Backtest Results (2016–2025)
Regime Frequency
| Metric | Value |
| Total days tested | 2,514 |
| Days inverted (VIX > VIX3M) | 191 (7.6%) |
| Days in contango (normal) | 2,323 (92.4%) |
| Distinct inversion episodes | 57 |
| Avg episode duration | 4.6 calendar days |
| Max episode duration | 60 calendar days (COVID crash 2020) |
Forward SPY Returns by Regime
| Horizon | Regime | N | Mean % | Median % | Win % | Edge (Inverted − Contango) | Signal? |
| 1d | Inverted | 191 | +0.12 | +0.26 | 57.1 |
+0.07 | NO |
| 1d | Contango | 2,322 | +0.06 | +0.07 | 55.4 |
— | — |
| 5d | Inverted | 191 | +0.92 | +1.50 | 65.4 |
+0.66 | NO |
| 5d | Contango | 2,318 | +0.26 | +0.45 | 62.1 |
— | — |
| 10d | Inverted | 191 | +1.50 | +2.79 | 69.6 |
+0.96 | NO |
| 10d | Contango | 2,313 | +0.55 | +0.85 | 66.5 |
— | — |
| 21d | Inverted | 191 | +3.37 | +4.06 | 73.3 |
+2.22 | borderline |
| 21d | Contango | 2,302 | +1.15 | +1.83 | 70.3 |
— | — |
Edge threshold: ≥5% mean difference to qualify as actionable signal. None of the horizons reach this bar.
Max Drawdown by Regime
| Regime | Max Drawdown (SPY) | Interpretation |
| Inverted | -73.12% | COVID crash / 2018 Q4 — co-occurrence with stress events |
| Contango | -15.05% | Normal correction territory |
Why The Claim Doesn't Hold (Mechanically)
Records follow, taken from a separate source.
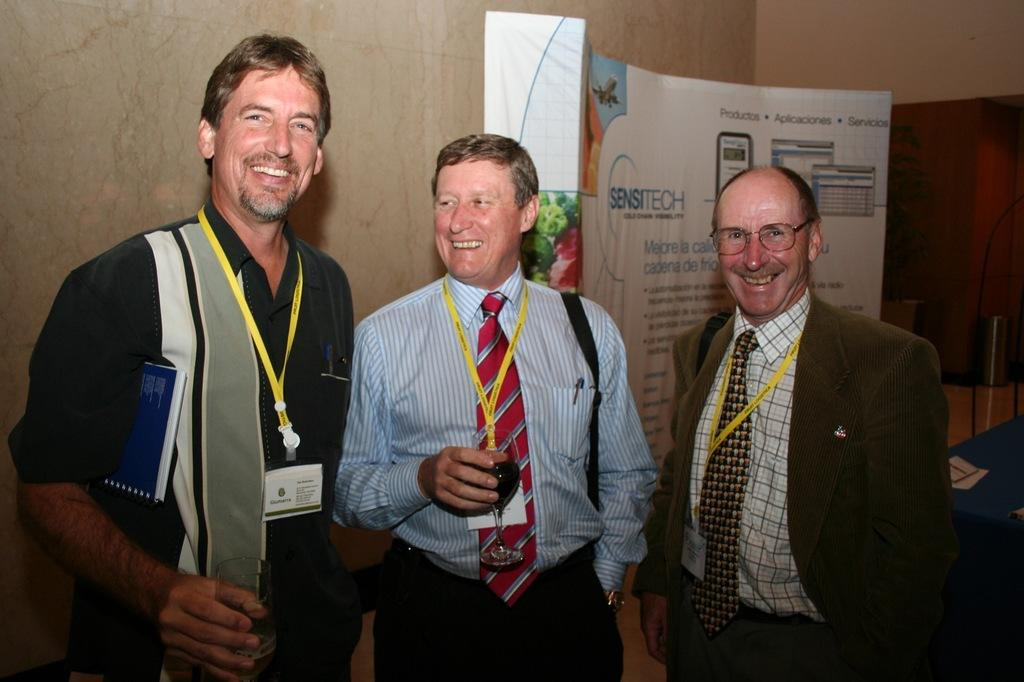How many people are in the image? There are three people in the image. What are the people doing in the image? The people are standing and smiling. What are the people holding in the image? The people are holding wine glasses. What can be seen on the people's clothing in the image? The people are wearing ID cards. What is visible in the background of the image? There is a banner visible in the background. Can you see a snake slithering through the yard in the image? There is no snake or yard present in the image; it features three people standing and smiling while holding wine glasses. 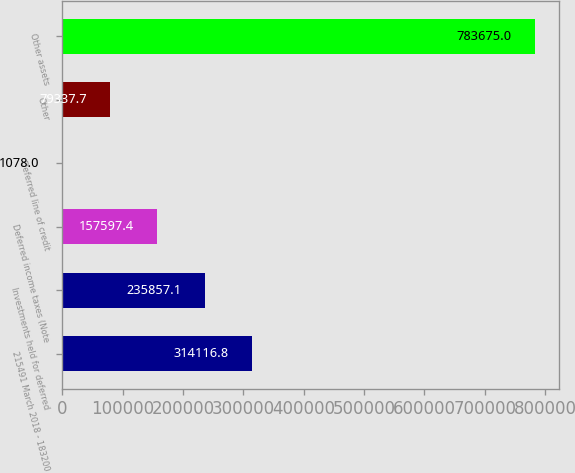<chart> <loc_0><loc_0><loc_500><loc_500><bar_chart><fcel>215491 March 2018 - 183200<fcel>Investments held for deferred<fcel>Deferred income taxes (Note<fcel>Deferred line of credit<fcel>Other<fcel>Other assets<nl><fcel>314117<fcel>235857<fcel>157597<fcel>1078<fcel>79337.7<fcel>783675<nl></chart> 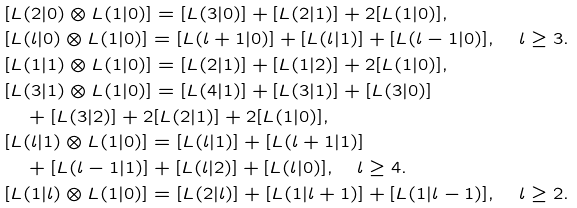Convert formula to latex. <formula><loc_0><loc_0><loc_500><loc_500>& [ L ( 2 | 0 ) \otimes L ( 1 | 0 ) ] = [ L ( 3 | 0 ) ] + [ L ( 2 | 1 ) ] + 2 [ L ( 1 | 0 ) ] , \\ & [ L ( l | 0 ) \otimes L ( 1 | 0 ) ] = [ L ( l + 1 | 0 ) ] + [ L ( l | 1 ) ] + [ L ( l - 1 | 0 ) ] , \quad l \geq 3 . \\ & [ L ( 1 | 1 ) \otimes L ( 1 | 0 ) ] = [ L ( 2 | 1 ) ] + [ L ( 1 | 2 ) ] + 2 [ L ( 1 | 0 ) ] , \\ & [ L ( 3 | 1 ) \otimes L ( 1 | 0 ) ] = [ L ( 4 | 1 ) ] + [ L ( 3 | 1 ) ] + [ L ( 3 | 0 ) ] \\ & \quad + [ L ( 3 | 2 ) ] + 2 [ L ( 2 | 1 ) ] + 2 [ L ( 1 | 0 ) ] , \\ & [ L ( l | 1 ) \otimes L ( 1 | 0 ) ] = [ L ( l | 1 ) ] + [ L ( l + 1 | 1 ) ] \\ & \quad + [ L ( l - 1 | 1 ) ] + [ L ( l | 2 ) ] + [ L ( l | 0 ) ] , \quad l \geq 4 . \\ & [ L ( 1 | l ) \otimes L ( 1 | 0 ) ] = [ L ( 2 | l ) ] + [ L ( 1 | l + 1 ) ] + [ L ( 1 | l - 1 ) ] , \quad l \geq 2 .</formula> 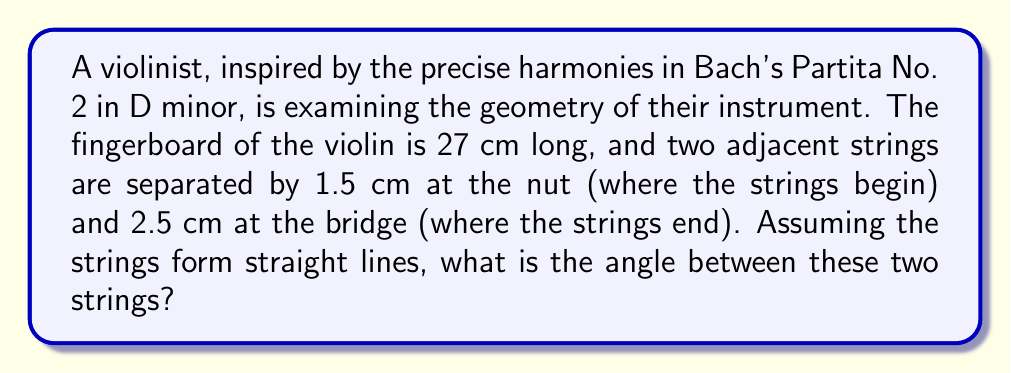Could you help me with this problem? Let's approach this step-by-step:

1) We can view this problem as a trapezoid, where:
   - The parallel sides are the distances between the strings at the nut and bridge
   - The non-parallel sides are the strings themselves

2) Let's define our variables:
   $a = 1.5$ cm (distance at the nut)
   $b = 2.5$ cm (distance at the bridge)
   $h = 27$ cm (length of the fingerboard)

3) The angle we're looking for is the angle between the non-parallel sides of this trapezoid. We can find this by calculating the difference in the lengths of the parallel sides and using trigonometry.

4) The difference in length between the parallel sides is:
   $b - a = 2.5 - 1.5 = 1$ cm

5) We can split this trapezoid into a rectangle and a triangle. The triangle's base is the 1 cm difference we just calculated, and its height is the 27 cm length of the fingerboard.

6) Now we can use the arctangent function to find the angle. The tangent of the angle is the opposite (1 cm) over the adjacent (27 cm):

   $$\tan(\theta) = \frac{1}{27}$$

7) Therefore, the angle is:

   $$\theta = \arctan(\frac{1}{27})$$

8) Using a calculator or computer, we can evaluate this:

   $$\theta \approx 2.12 \text{ degrees}$$

[asy]
import geometry;

size(200);

pair A = (0,0), B = (27,0), C = (27,2.5), D = (0,1.5);
draw(A--B--C--D--cycle);
draw(D--C,dashed);

label("27 cm", (13.5,-1), S);
label("1.5 cm", (-1,0.75), W);
label("2.5 cm", (28,1.25), E);
label("$\theta$", (0.5,0.2), NW);

dot("A", A, SW);
dot("B", B, SE);
dot("C", C, NE);
dot("D", D, NW);
[/asy]
Answer: $2.12^\circ$ 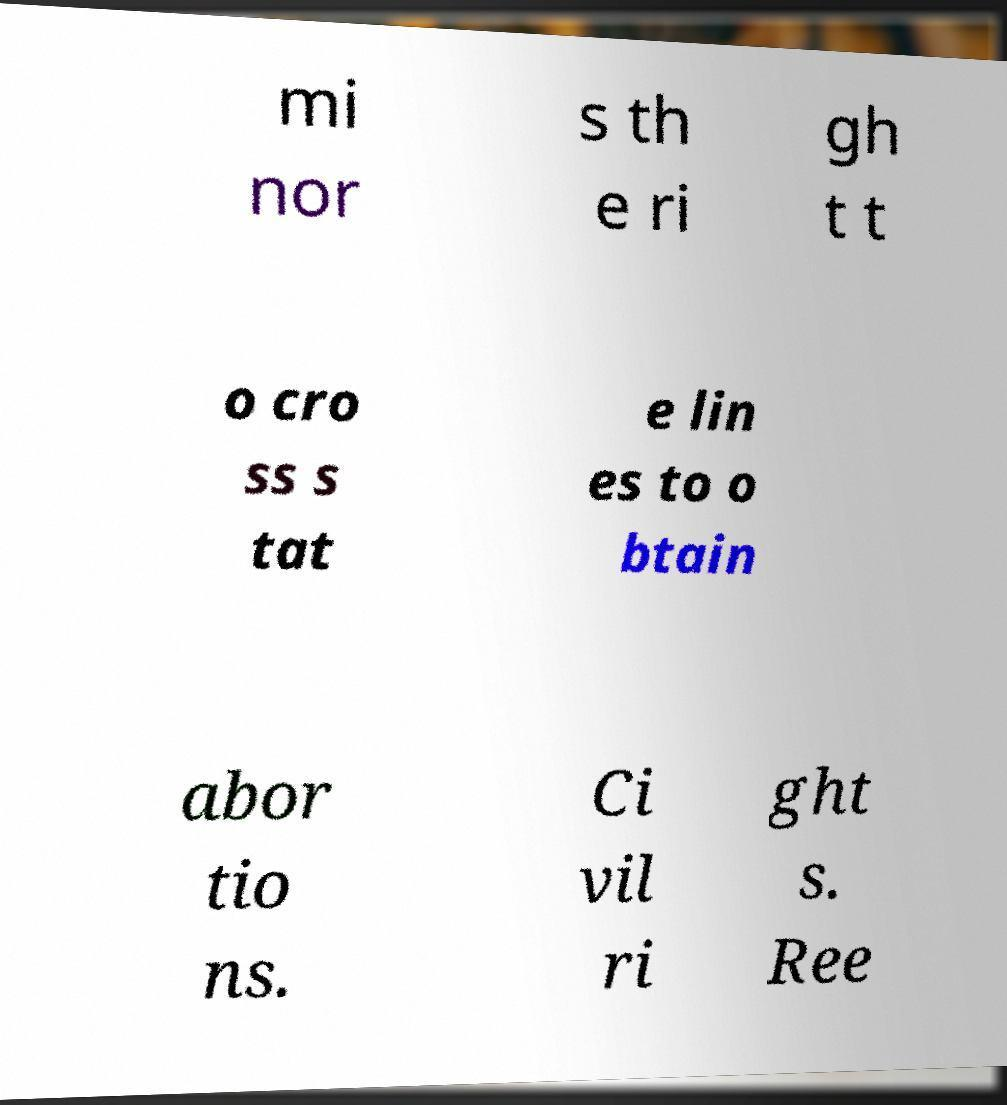There's text embedded in this image that I need extracted. Can you transcribe it verbatim? mi nor s th e ri gh t t o cro ss s tat e lin es to o btain abor tio ns. Ci vil ri ght s. Ree

- Inversions are spike-driven and brief (avg 4.6 days) — they tend to coincide with the
sharpest vol spikes, which often precede hard bounces. Mean-reversion dominates the forward-return average.
- The bearish risk is in the tails — the -73% max drawdown captures the worst 60-day inversion
(COVID). This co-occurrence with crashes is real, but it doesn't translate into a mean-return edge.
- Sample size is thin — 191 inversion days across 57 episodes over 10 years. Marginal distributions
are noisy.
Data proxy caveat: ^VIX3M (CBOE VXMT) is the 93-day constant-maturity expected vol index,
not the actual VX3 futures contract. The two can diverge due to futures roll premium. Actual CBOE VX1/VX3 futures data
(available via CBOE Data Vault or Quandl) would give a cleaner test of the original claim. This backtest is a
conservative, accessible proxy — not the definitive test.
What Is Useful (Context, Not Trigger)
- Term structure inversion is a regime marker for elevated stress — useful as dashboard context
alongside Thrasher/Vixologist, not as a standalone trading signal.
- The drawdown asymmetry is real — during inversions, tail risk is significantly elevated even if
the mean return is higher. Inversions are worth noting when they persist (≥5 days).
- A multi-factor approach (inversion + Thrasher compression + Vixologist squeeze all firing
simultaneously) would be more defensible than any single signal alone.
Status & Next Steps
| Action | Status |
| Backtest on 2016–2026 proxy data | Done (2026-05-22) |
| Wire as active sentinel signal | Skipped — signal does not hold |
| Surface on dashboard alongside Thrasher/Vixologist | Skipped — no edge |
| @TailThatWagsDog wired to X_SOURCES watchlist | Done (low-freq) |
| Retest with actual VX1/VX3 CBOE futures data | P3 — if CBOE data access added |
| Explore as co-confirming factor with Thrasher + Vixologist | P3 — multi-factor only |
Backtest script: finance/vx_term_structure_backtest.py ·
Memory file: .claude/agent-memory/jarvis/reference_vx3_vx1_mcmillan.md ·
Per lesson_thrasher_backtest_edge_decay: paper claims often don't reproduce.